Musée national suisse / ASL
L’initiative Schwarzenbach
L’initiative du 7 juin 1970 contre la surpopulation étrangère, portée par James Schwarzenbach, reste l’une des votations les plus controversées de l’histoire suisse du XXe siècle.
Soumise aux urnes le 7 juin 1970 avec une participation record de près de 75%, l’initiative fut rejetée par le peuple avec 54% de «non». Ce qui implique que 46% des votants (encore principalement des hommes à l’époque) se prononcèrent en sa faveur. Or, personne ne s’attendait à un tel résultat pour un projet rejeté par l’ensemble des partis, les organisations patronales, les syndicats et même les églises. L’initiative reçut malgré tout de nombreux soutiens, notamment de travailleurs proches du Parti socialiste et des syndicats mais qui craignaient que les étrangers leur prennent leur travail. La campagne donna lieu à beaucoup de polémiques, les initiateurs considérant entre autres que les valeurs suisses étaient menacées. L’initiative lancée en 1968 suscita la crainte, voire la terreur parmi les travailleurs étrangers. Dans son ouvrage Jagt sie weg, le journaliste italien Concetto Vecchio décrit l’atmosphère régnant alors dans la vie de ses parents, qui rappelaient à l’ordre leur progéniture en menaçant: «Sinon Schwarzenbach viendra…».
Nationaliste, catholique, éditeur
La votation de 1970 fut la première sur le thème de la «surpopulation étrangère», même si une initiative similaire avait été retirée en 1968. James Schwarzenbach eut beau essuyer un échec dans les urnes en 1970, le sujet entra dans la vie politique suisse… pour ne plus en sortir. Aujourd’hui encore, le souhait de limiter le nombre d’étrangers revient régulièrement sur le devant de la scène. Une série d’initiatives comparables ont été repoussées par la population. Le malaise suscité par l’immigration fut toutefois l’une des raisons du rejet de l’adhésion de la Suisse à l’Espace économique européen (EEE) le 6 décembre 1992, à une très courte majorité de 50,3% des voix.

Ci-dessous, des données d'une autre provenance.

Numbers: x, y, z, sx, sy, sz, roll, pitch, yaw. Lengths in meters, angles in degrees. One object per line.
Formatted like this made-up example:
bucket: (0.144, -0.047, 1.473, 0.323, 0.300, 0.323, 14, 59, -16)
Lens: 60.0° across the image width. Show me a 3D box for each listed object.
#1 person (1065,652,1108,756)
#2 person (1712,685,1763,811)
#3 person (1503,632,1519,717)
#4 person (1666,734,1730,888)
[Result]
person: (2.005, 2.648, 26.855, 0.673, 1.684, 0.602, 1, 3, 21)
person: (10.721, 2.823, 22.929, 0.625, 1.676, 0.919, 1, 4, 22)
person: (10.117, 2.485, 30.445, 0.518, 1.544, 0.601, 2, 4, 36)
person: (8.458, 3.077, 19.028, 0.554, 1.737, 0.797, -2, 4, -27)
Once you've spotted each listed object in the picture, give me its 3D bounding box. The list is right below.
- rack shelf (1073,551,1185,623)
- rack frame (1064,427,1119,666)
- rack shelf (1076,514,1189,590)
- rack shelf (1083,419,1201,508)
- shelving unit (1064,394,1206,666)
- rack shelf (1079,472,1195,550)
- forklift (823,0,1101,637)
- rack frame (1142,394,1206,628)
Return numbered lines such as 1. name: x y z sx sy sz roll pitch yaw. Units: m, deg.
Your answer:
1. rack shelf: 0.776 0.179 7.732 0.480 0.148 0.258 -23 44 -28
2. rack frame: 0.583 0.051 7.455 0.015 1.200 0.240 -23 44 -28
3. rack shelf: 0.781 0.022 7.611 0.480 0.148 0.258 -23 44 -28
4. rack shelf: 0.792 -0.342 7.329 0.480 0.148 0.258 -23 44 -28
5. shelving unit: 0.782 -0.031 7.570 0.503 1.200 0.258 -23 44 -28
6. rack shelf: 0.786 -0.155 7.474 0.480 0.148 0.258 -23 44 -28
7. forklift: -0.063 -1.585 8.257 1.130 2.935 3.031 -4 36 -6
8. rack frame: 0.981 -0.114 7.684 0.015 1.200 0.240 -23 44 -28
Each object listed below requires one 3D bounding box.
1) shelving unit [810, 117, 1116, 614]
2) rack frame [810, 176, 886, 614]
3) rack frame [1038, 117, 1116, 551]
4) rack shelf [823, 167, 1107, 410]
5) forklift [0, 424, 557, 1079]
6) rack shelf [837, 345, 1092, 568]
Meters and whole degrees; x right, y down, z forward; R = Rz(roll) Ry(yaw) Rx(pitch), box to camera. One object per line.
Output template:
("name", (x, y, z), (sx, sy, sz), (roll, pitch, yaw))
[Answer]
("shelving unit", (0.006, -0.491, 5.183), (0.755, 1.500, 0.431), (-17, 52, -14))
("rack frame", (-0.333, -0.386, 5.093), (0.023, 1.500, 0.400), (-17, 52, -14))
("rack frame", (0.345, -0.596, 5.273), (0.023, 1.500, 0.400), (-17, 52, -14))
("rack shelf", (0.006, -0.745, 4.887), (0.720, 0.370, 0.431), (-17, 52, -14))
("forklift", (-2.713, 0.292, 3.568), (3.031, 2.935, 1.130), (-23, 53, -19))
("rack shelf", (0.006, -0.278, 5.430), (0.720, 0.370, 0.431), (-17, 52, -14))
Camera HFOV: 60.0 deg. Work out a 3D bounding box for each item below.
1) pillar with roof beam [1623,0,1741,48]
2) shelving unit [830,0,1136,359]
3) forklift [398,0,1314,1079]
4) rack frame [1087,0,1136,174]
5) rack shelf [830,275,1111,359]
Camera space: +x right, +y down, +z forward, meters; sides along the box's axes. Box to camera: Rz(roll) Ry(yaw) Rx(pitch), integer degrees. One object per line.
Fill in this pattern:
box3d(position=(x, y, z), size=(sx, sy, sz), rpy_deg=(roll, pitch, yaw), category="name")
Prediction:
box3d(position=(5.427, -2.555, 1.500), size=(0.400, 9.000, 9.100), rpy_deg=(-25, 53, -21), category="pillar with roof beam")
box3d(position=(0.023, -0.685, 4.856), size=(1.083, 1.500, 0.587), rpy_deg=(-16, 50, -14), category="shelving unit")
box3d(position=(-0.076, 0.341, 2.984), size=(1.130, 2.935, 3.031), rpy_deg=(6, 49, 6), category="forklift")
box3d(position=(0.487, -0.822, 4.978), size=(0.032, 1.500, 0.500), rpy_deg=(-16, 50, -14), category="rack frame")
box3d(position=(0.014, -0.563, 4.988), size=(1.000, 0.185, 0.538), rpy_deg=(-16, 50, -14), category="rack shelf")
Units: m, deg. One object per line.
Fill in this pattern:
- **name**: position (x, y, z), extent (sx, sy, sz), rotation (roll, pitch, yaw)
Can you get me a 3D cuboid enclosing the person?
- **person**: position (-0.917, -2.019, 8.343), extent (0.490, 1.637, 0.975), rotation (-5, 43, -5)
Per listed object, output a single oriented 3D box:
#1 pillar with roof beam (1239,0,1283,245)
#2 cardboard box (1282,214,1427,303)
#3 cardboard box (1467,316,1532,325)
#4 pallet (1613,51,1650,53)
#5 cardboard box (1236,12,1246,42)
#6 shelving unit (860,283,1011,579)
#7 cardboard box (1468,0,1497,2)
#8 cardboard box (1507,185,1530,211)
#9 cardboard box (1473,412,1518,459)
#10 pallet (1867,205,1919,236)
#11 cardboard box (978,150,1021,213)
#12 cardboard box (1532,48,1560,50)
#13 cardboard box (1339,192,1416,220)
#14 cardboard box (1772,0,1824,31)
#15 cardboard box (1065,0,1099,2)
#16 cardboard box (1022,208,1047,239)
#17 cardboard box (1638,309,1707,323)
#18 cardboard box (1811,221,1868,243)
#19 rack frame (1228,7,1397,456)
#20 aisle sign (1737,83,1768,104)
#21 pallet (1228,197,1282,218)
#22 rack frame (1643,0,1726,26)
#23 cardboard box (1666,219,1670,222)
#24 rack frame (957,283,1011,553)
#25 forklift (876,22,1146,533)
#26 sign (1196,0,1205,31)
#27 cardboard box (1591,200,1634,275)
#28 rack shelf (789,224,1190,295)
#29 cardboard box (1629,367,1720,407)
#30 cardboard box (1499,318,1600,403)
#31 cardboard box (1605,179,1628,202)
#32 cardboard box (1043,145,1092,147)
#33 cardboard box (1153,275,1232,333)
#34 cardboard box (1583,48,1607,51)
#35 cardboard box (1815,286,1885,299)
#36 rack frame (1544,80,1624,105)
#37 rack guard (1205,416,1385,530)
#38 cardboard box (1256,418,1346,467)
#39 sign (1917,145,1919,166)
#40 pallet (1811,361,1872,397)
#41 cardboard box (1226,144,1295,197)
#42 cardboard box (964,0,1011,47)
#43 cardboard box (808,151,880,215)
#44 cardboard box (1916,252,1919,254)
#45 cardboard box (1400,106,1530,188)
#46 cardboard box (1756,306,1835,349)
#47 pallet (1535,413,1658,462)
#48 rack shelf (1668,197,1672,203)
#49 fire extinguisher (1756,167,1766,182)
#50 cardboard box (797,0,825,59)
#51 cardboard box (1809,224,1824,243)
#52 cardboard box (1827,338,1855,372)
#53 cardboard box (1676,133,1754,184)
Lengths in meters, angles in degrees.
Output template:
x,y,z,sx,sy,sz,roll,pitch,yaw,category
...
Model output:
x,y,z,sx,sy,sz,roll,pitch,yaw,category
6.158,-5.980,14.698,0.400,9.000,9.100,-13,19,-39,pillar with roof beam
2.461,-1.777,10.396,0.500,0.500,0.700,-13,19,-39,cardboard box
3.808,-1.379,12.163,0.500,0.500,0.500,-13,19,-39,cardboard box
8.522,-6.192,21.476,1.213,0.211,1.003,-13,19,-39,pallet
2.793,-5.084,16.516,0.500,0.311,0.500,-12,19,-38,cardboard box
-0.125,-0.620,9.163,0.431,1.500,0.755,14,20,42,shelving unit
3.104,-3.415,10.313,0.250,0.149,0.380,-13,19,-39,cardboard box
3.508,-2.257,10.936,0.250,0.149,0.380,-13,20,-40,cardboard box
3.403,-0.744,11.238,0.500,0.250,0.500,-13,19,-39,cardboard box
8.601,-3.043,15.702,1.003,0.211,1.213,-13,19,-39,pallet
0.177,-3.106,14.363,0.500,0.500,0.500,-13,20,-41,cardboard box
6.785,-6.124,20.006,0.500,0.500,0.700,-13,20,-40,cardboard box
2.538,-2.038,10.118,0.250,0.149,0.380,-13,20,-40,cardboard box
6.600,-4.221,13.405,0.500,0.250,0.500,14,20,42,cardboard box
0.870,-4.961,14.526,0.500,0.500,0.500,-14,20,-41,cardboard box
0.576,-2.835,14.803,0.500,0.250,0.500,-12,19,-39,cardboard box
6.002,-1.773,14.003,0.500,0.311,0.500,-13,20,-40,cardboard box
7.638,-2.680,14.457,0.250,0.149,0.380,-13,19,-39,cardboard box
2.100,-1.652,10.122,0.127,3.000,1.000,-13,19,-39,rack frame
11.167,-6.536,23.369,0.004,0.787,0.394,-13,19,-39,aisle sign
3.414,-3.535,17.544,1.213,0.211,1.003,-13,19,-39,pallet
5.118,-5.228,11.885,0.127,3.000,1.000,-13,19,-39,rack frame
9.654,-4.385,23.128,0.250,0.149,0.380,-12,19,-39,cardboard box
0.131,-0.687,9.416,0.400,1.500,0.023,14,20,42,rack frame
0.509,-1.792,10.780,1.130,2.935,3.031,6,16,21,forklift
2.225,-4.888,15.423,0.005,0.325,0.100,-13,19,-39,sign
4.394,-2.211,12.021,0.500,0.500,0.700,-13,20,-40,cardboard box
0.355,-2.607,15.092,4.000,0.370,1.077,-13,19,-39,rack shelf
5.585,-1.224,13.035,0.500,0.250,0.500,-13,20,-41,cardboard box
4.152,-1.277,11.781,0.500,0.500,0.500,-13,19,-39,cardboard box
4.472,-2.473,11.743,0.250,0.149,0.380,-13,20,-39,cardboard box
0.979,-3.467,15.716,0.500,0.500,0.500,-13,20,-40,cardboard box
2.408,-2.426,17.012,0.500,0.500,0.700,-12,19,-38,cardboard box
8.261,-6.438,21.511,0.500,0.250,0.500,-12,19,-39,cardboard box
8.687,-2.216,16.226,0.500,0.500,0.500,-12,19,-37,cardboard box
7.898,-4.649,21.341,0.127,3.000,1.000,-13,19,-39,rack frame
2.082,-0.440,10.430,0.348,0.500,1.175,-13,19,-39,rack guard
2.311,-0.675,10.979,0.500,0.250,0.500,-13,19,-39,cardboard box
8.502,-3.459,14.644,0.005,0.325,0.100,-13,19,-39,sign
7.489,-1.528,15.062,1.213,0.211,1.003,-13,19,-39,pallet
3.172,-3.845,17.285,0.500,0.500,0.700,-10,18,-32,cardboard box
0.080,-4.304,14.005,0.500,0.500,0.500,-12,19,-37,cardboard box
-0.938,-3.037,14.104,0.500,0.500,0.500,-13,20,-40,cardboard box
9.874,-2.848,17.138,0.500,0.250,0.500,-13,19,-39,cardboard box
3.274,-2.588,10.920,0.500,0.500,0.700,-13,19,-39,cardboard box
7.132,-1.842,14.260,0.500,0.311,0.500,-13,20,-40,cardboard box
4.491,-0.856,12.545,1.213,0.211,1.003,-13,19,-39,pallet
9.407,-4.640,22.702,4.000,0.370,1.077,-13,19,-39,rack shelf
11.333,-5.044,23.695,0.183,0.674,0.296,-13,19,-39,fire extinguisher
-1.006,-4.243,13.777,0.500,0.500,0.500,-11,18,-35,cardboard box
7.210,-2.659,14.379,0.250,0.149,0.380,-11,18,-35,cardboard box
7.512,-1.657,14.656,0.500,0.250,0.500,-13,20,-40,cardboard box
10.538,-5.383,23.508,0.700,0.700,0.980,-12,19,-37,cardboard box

L’industrialisation, facteur de hausse de la population étrangère
L’expression imagée d’Überfremdung (traduite par «surpopulation étrangère» ou «emprise étrangère») fit sa première apparition en 1900 dans une brochure de Carl Alfred Schmid, secrétaire des pauvres zurichois. Si la Suisse pratiquait jusqu’en 1914 une politique d’immigration relativement libérale, elle commença alors à resserrer la vis, avançant de manière récurrente l’argument d’une identité culturelle helvétique menacée. Dans ce contexte fut créée la police des étrangers en 1917, chargée de contrôler et de surveiller les ressortissants étrangers. D’autres voix se firent entendre également, comme celle de l’écrivain Max Frisch, qui déclara en 1965 dans un célèbre essai: «Nous avions demandé des bras, ce sont des hommes qui sont venus.» La presse italienne critiqua aussi les conditions inhumaines d’accueil des saisonniers, logés en périphérie des villes suisses dans des baraquements surpeuplés aux loyers excessifs.